A Tyr-W-MIF-1 analog containing d-Pro2 discriminates among antinociception in mice mediated by different classes of μ-opioid receptors

Abstract The antagonism by Tyr- d -Pro-Trp-Gly-NH 2 ( d -Pro 2 -Tyr-W-MIF-1), a Tyr-Pro-Trp-Gly-NH 2 (Tyr-W-MIF-1) analog, of the antinociception induced by the μ-opioid receptor agonists Tyr-W-MIF-1, [ d -Ala 2 ,NMePhe 4 ,Gly(ol) 5 ]-enkephalin (DAMGO), Tyr-Pro-Trp-Phe-NH 2 (endomorphin-1), and Tyr-Pro-Phe-Phe-NH 2 (endomorphin-2) was studied with the mouse tail-flick test. d -Pro 2 -Tyr-W-MIF-1 (0.5–3 nmol) given intracerebroventricularly (i.c.v.) had no effect on the thermal nociceptive threshold. High doses of d -Pro 2 -Tyr-W-MIF-1 (4–16 nmol) administered i.c.v. produced antinociception with a low intrinsic activity of about 30% of the maximal possible effect. d -Pro 2 -Tyr-W-MIF-1 (0.25–2 nmol) co-administered i.c.v. showed a dose-dependent attenuation of the antinociception induced by Tyr-W-MIF-1 or DAMGO without affecting endomorphin-2-induced antinociception. A 0.5 nmol dose of d -Pro 2 -Tyr-W-MIF-1 significantly attenuated Tyr-W-MIF-1-induced antinociception but not DAMGO- or endomorphin-1-induced antinociception. The highest dose (2 nmol) of d -Pro 2 -Tyr-W-MIF-1 almost completely attenuated Tyr-W-MIF-1-induced antinociception.

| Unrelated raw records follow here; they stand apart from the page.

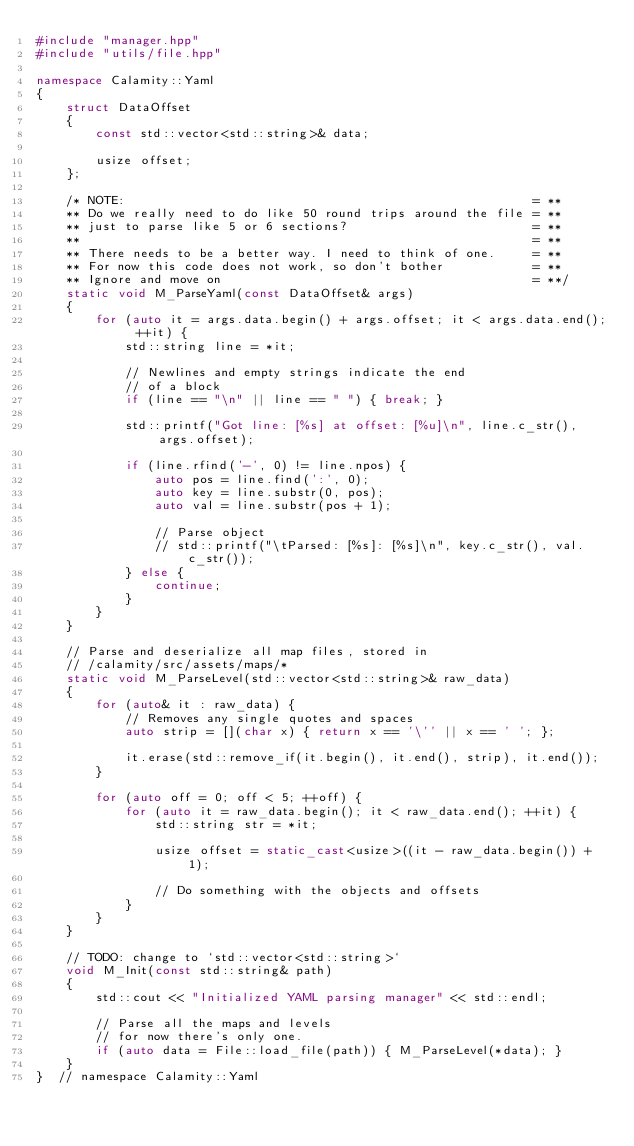Convert code to text. <code><loc_0><loc_0><loc_500><loc_500><_C++_>#include "manager.hpp"
#include "utils/file.hpp"

namespace Calamity::Yaml
{
    struct DataOffset
    {
        const std::vector<std::string>& data;

        usize offset;
    };

    /* NOTE:                                                       = **
    ** Do we really need to do like 50 round trips around the file = **
    ** just to parse like 5 or 6 sections?                         = **
    **                                                             = **
    ** There needs to be a better way. I need to think of one.     = **
    ** For now this code does not work, so don't bother            = **
    ** Ignore and move on                                          = **/
    static void M_ParseYaml(const DataOffset& args)
    {
        for (auto it = args.data.begin() + args.offset; it < args.data.end(); ++it) {
            std::string line = *it;

            // Newlines and empty strings indicate the end
            // of a block
            if (line == "\n" || line == " ") { break; }

            std::printf("Got line: [%s] at offset: [%u]\n", line.c_str(), args.offset);

            if (line.rfind('-', 0) != line.npos) {
                auto pos = line.find(':', 0);
                auto key = line.substr(0, pos);
                auto val = line.substr(pos + 1);

                // Parse object
                // std::printf("\tParsed: [%s]: [%s]\n", key.c_str(), val.c_str());
            } else {
                continue;
            }
        }
    }

    // Parse and deserialize all map files, stored in
    // /calamity/src/assets/maps/*
    static void M_ParseLevel(std::vector<std::string>& raw_data)
    {
        for (auto& it : raw_data) {
            // Removes any single quotes and spaces
            auto strip = [](char x) { return x == '\'' || x == ' '; };

            it.erase(std::remove_if(it.begin(), it.end(), strip), it.end());
        }

        for (auto off = 0; off < 5; ++off) {
            for (auto it = raw_data.begin(); it < raw_data.end(); ++it) {
                std::string str = *it;

                usize offset = static_cast<usize>((it - raw_data.begin()) + 1);

                // Do something with the objects and offsets
            }
        }
    }

    // TODO: change to `std::vector<std::string>`
    void M_Init(const std::string& path)
    {
        std::cout << "Initialized YAML parsing manager" << std::endl;

        // Parse all the maps and levels
        // for now there's only one.
        if (auto data = File::load_file(path)) { M_ParseLevel(*data); }
    }
}  // namespace Calamity::Yaml
</code> 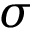<formula> <loc_0><loc_0><loc_500><loc_500>\sigma</formula>

However, that dose of d -Pro 2 -Tyr-W-MIF-1 significantly but not completely attenuated endomorphin-1 or DAMGO-induced antinociception, whereas the antinociception induced by endomorphin-2 was still not affected by d -Pro 2 -Tyr-W-MIF-1. Pretreatment i.c.v. with various doses of naloxonazine, a μ 1 -opioid receptor antagonist, attenuated the antinociception induced by Tyr-W-MIF-1, endomorphin-1, endomorphin-2, or DAMGO. Judging from the ID 50 values for naloxonazine against the antinociception induced by the μ-opioid receptor agonists, the antinociceptive effect of Tyr-W-MIF-1 is extremely less sensitive to naloxonazine than that of endomorphin-1 or DAMGO. In contrast, endomorphin-2-induced antinociception is extremely sensitive to naloxonazine. The present results clearly suggest that d -Pro 2 -Tyr-W-MIF-1 is a selective antagonist for the μ 2 -opioid receptor in the mouse brain. d -Pro 2 -Tyr-W-MIF-1 may also discriminate between Tyr-W-MIF-1-induced antinociception and the antinociception induced by endomorphin-1 or DAMGO, which both show a preference for the μ 2 -opioid receptor in the brain.